- Trade show advertisement
- Directed by: Maclean Rogers
- Written by: Bert Lee Jack Marks Maclean Rogers R. P. Weston
- Produced by: Herbert Wilcox
- Starring: Sydney Howard Claude Hulbert Al Bowlly
- Cinematography: Cyril Bristow Freddie Young
- Music by: Harris Weston
- Production company: British and Dominions
- Distributed by: Woolf & Freedman Film Service
- Release date: 27 June 1932;
- Running time: 74 minutes
- Country: United Kingdom
- Language: English

= The Mayor's Nest =

1932 British comedy film

The Mayor's Nest is a 1932 British comedy film directed by Maclean Rogers and starring Sydney Howard, Claude Hulbert and Al Bowlly. It was written by Bert Lee, Jack Marks, Rogers and R. P. Weston, and was made at Elstree Studios.
==Synopsis==
A trombonist becomes mayor of a small town, but he struggles to cope with municipal issues.

==Cast==
- Sydney Howard as Joe Pilgrim
- Claude Hulbert as Algernon Ashcroft
- Al Bowlly as George
- Muriel Aked as Mrs. Ashcroft
- Frank Harvey as Councillor Blackett
- Michael Hogan as Tom Ackroyd
- Miles Malleson as clerk
- Cyril Smith as magistrate
- Syd Crossley as milkman

==Critical reception==
Film Weekly wrote: "The direction of P. Maclean Rogers thoroughly competent as far as it goes. His principal fault is the fault, inherent in the entire production, of underlining the obvious at the expense of slickness and speed."

Kine Weekly wrote: " comedy, which makes good-humored sport of civic affairs and personalities, furnishes a good vehicle for the quaint drolleries of Sydney Howard and the asinine humor of Claude Hubert. The fun is not fast and furious, but it succeeds in rousing an easy succession of quiet chuckles."

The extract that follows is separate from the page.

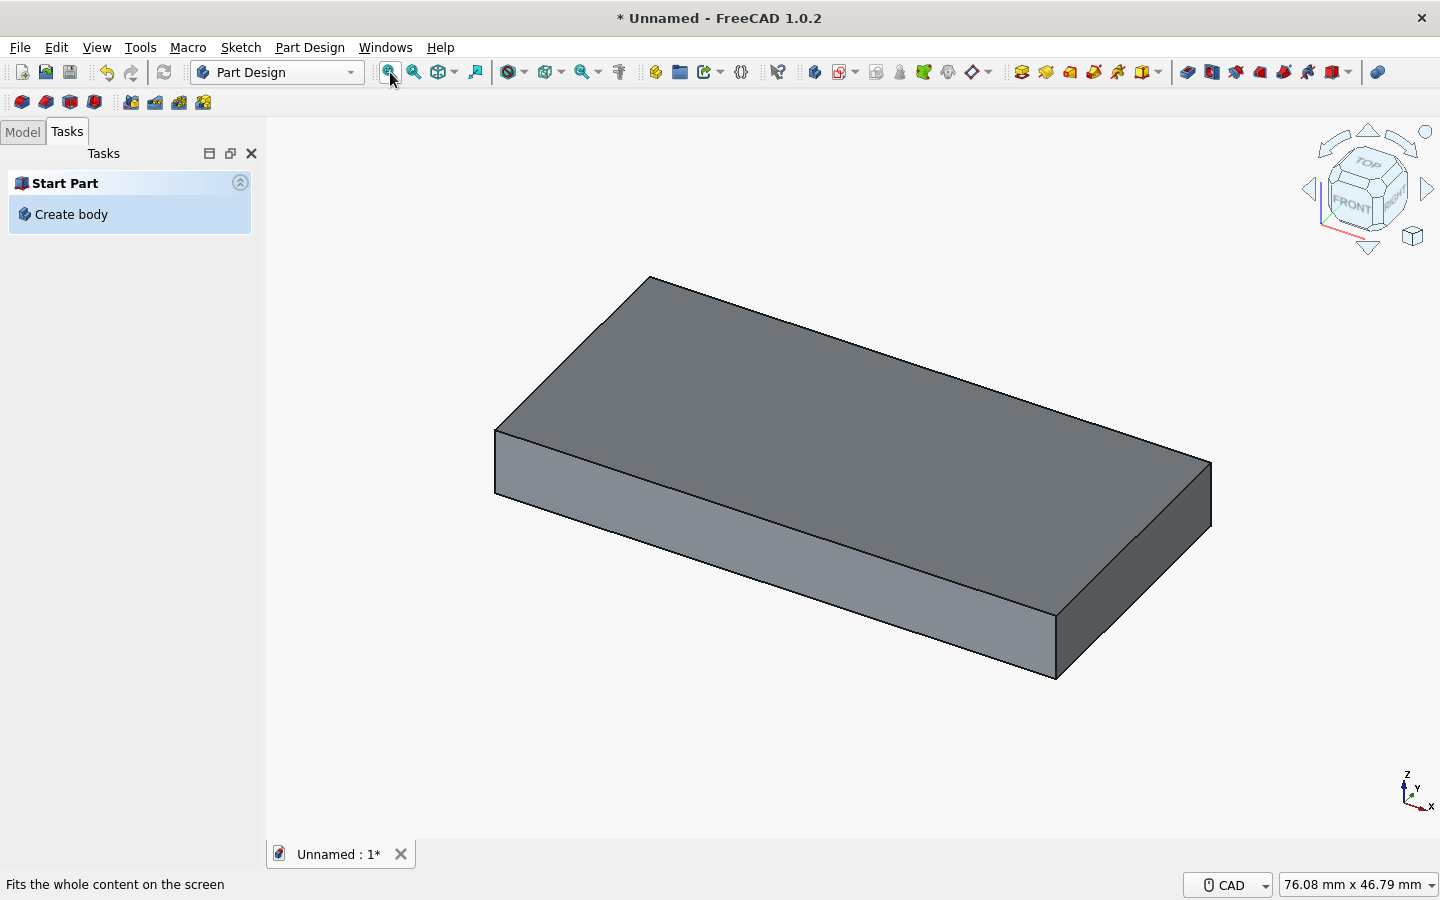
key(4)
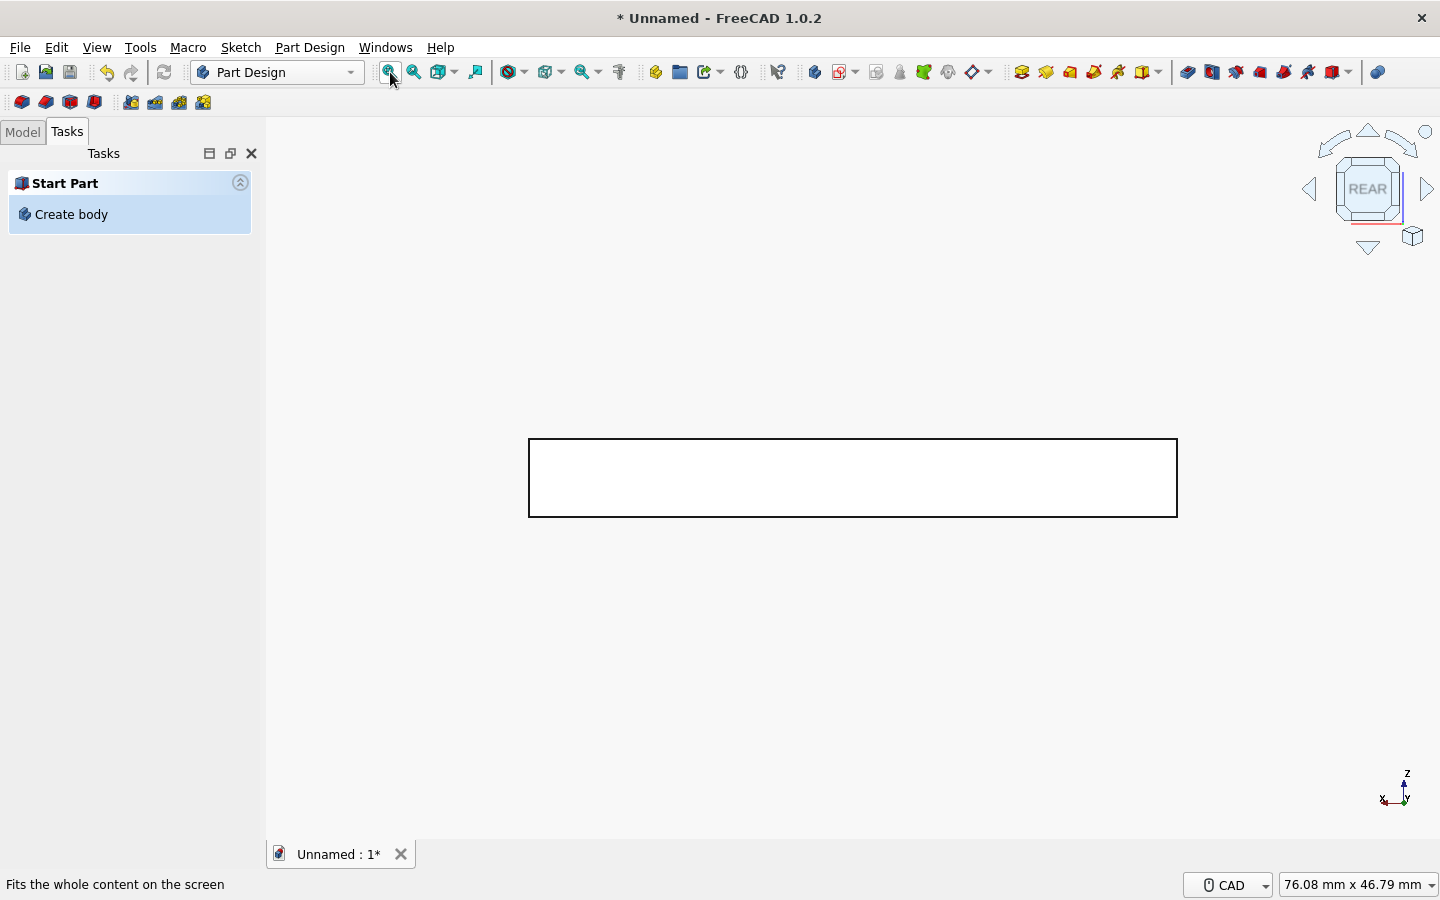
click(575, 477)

Film Pictorial gave a positive review and described it as "broad fun" but "not quite so riotous, possibly, as some of his (Sydney Howard’s) other films." It concluded by saying, "Some of the production drags in parts – just a little tightening up would have made a wonderful improvement – but we think that the Sydney Howard enthusiasts will find their full quota of laughs. Claude Hulbert does some very good work, too, and Muriel Aked is one of those dear old fussy busybodies who gets on everybody's nerves."